For the past year or so the internet community has been attempting to migrate (or at least attempting to prepare to migrate) from IPv4 to IPv6. The main reason for the transition is to enable — out of necessity — a larger IP address space. While IPv4 allocates 32 bits for an individual address, giving \(2^{32}=4294967296\) unique IP addresses, IPv6 allocates 128 bits, allowing \(2^{128}=340282366920938463463374607431768211456\) different addresses to be uniquely referenced.
However, IPv6 affords us many other benefits aside from the increased address space. While none of these may necessitate a transition by themselves, they are still welcome additions to the protocol.
Multicasting
IPv6 allows a packet to be transmitted to multiple recipients with a single operation, rather than having to specify each recipient individually (and use up bandwidth in the process). By sending a packet to the ff02::1 multicast group a packet will be transmitted to all hosts on the link.
Stateless address autoconfiguration (SLAAC)
ICMP — the Internet Control Message Protocol — and DHCP — the Dynamic Host Configuration Protocol — are also getting v6 version bumps with the introduction of IPv6. ICMPv6 and DHCPv6 allow automatic configuration of hosts connected to an IPv6 network. ICMPv6 allows stateless configuration, meaning that the local router will automatically respond to a multicast broadcast advertising its configuration parameters. If this is unavailable (depending on environment and application) DHCPv6 can be used as a fallback in much the same way as DHCPv4.
Mandatory network-layer security
Perhaps the most important additional enhancement, IPv6 now handles IPsec traffic as standard. IPsec, like HTTPS, enforces encryption and authentication of packets, but is protocol-agnostic. Although engineered into IPv4, IPsec will be mandatory for IPv6 connections and will hugely increase the security of all internet use.
Simplified processing by routers
Multiple enhancements have been made to simplify the process of packet forwarding and make it more efficient.
- Due to the additional features of IPv6, the packet headers are on the order of twice as large as IPv4 headers. However, the layout has been simplified with fields that are rarely used being moved to optional header extensions (see “Options extensibility” below). For example, the Selective Directed Broadcast Mode option, providing unreliable UDP delivery to a set of IP addresses — which can range in size from 6 to 38 bytes — is rarely used and can be safely moved to the optional header extensions section of the packet.
- There is no fragmentation of packets between routers over an IPv6 network. To ensure the correct MTU is set, hosts can perform end-to-end MTU discovery, end-to-end packet fragmentation, or use the default minimum of 1280 bytes. This eases the load on the hosts to reassemble fragmented packets, but should also mean that numerous VPN solutions work much more reliably.

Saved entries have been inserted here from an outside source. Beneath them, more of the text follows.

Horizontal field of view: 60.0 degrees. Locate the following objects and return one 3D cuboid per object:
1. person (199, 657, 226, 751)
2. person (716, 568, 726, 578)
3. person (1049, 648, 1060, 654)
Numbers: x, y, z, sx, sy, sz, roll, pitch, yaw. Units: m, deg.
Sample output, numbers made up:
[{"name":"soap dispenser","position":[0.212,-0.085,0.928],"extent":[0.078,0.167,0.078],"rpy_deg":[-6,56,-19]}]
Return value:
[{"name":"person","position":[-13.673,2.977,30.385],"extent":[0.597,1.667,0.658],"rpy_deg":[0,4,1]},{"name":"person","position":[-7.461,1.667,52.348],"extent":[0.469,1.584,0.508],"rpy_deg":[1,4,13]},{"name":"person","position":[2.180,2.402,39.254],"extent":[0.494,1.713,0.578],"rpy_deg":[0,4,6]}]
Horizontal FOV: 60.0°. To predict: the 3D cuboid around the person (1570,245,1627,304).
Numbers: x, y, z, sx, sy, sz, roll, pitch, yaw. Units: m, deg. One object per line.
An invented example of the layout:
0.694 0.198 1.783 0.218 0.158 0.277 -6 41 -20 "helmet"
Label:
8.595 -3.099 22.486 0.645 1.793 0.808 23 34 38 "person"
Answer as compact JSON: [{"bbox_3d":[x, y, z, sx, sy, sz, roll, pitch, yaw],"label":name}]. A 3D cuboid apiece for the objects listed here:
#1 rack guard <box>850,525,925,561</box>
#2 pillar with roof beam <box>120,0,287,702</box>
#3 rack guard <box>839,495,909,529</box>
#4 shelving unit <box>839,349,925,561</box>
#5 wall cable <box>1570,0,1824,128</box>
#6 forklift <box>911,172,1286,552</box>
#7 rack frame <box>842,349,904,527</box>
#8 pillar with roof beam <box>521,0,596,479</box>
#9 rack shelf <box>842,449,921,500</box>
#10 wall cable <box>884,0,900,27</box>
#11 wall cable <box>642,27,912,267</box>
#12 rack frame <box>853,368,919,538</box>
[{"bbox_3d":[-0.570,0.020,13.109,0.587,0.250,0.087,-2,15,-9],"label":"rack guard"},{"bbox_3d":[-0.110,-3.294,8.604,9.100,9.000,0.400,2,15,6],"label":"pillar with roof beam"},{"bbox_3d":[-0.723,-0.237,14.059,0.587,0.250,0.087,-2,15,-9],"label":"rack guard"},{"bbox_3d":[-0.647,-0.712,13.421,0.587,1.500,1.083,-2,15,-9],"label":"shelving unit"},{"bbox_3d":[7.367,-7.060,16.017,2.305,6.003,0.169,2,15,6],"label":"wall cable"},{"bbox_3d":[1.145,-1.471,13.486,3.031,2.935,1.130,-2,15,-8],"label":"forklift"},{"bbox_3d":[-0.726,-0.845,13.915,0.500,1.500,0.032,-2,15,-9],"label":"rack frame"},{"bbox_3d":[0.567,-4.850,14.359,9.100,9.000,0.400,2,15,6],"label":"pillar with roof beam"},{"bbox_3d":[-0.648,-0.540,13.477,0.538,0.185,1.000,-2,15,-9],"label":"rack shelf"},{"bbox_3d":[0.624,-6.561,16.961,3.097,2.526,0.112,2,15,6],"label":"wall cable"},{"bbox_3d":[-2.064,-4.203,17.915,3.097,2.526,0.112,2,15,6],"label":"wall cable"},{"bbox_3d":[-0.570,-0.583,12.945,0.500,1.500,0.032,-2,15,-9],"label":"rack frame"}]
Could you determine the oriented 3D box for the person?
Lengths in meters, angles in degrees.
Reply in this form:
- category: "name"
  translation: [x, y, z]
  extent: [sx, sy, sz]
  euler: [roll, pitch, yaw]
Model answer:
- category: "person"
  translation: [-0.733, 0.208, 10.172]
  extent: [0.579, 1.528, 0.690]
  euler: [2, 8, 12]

- The somewhat-redundant Internet-layer checksum has been removed. Since both the link layer (e.g. Ethernet) and transport layer (e.g. TCP) typically perform checksum calculations, it is very unlikely that such a checksum would detect an error not already caught at a higher or lower layer. This also eases the burden on intermediate IPv6 routers, as when the packet is altered due to the “time to live” (TTL) being decremented, they do not have to recalculate the checksum.
- The TTL field has been renamed to “Hop Limit”, an all round more intuitive term for what it represents.
Mobility
Mobile IPv6, i.e. IPv6 on mobile devices, is the IPv6 implementation that allows users to move from one network to another while maintaining a permanent (or at least sticky) IP address. (Otherwise, when dynamically switching from a 2G to a 3G network on a mobile device, any partially-downloaded files would become unusable, and voice / video calls would likely glitch as the transition is made.) Mobile IPv6 avoids the problem of triangular routing that plagues mobile IPv4.
Options extensibility
As noted above, optional header options are implemented as additional extensions separate from the main IPv6 header, which has a fixed size of 40 bytes. This allows the protocol to be completely extensible in the future, allowing quality of service, security and mobility features to be added without redesigning the base protocol.
Jumbograms
The most fun-sounding addition has been saved for last. IPv4 packets have a fixed maximum size of 65535 bytes. By specifying the “Jumbo Payload Option” header, IPv6 nodes can handle packets larger than this limit, known as jumbograms. This can increase performance over high-MTU links, but is also a fun word to say.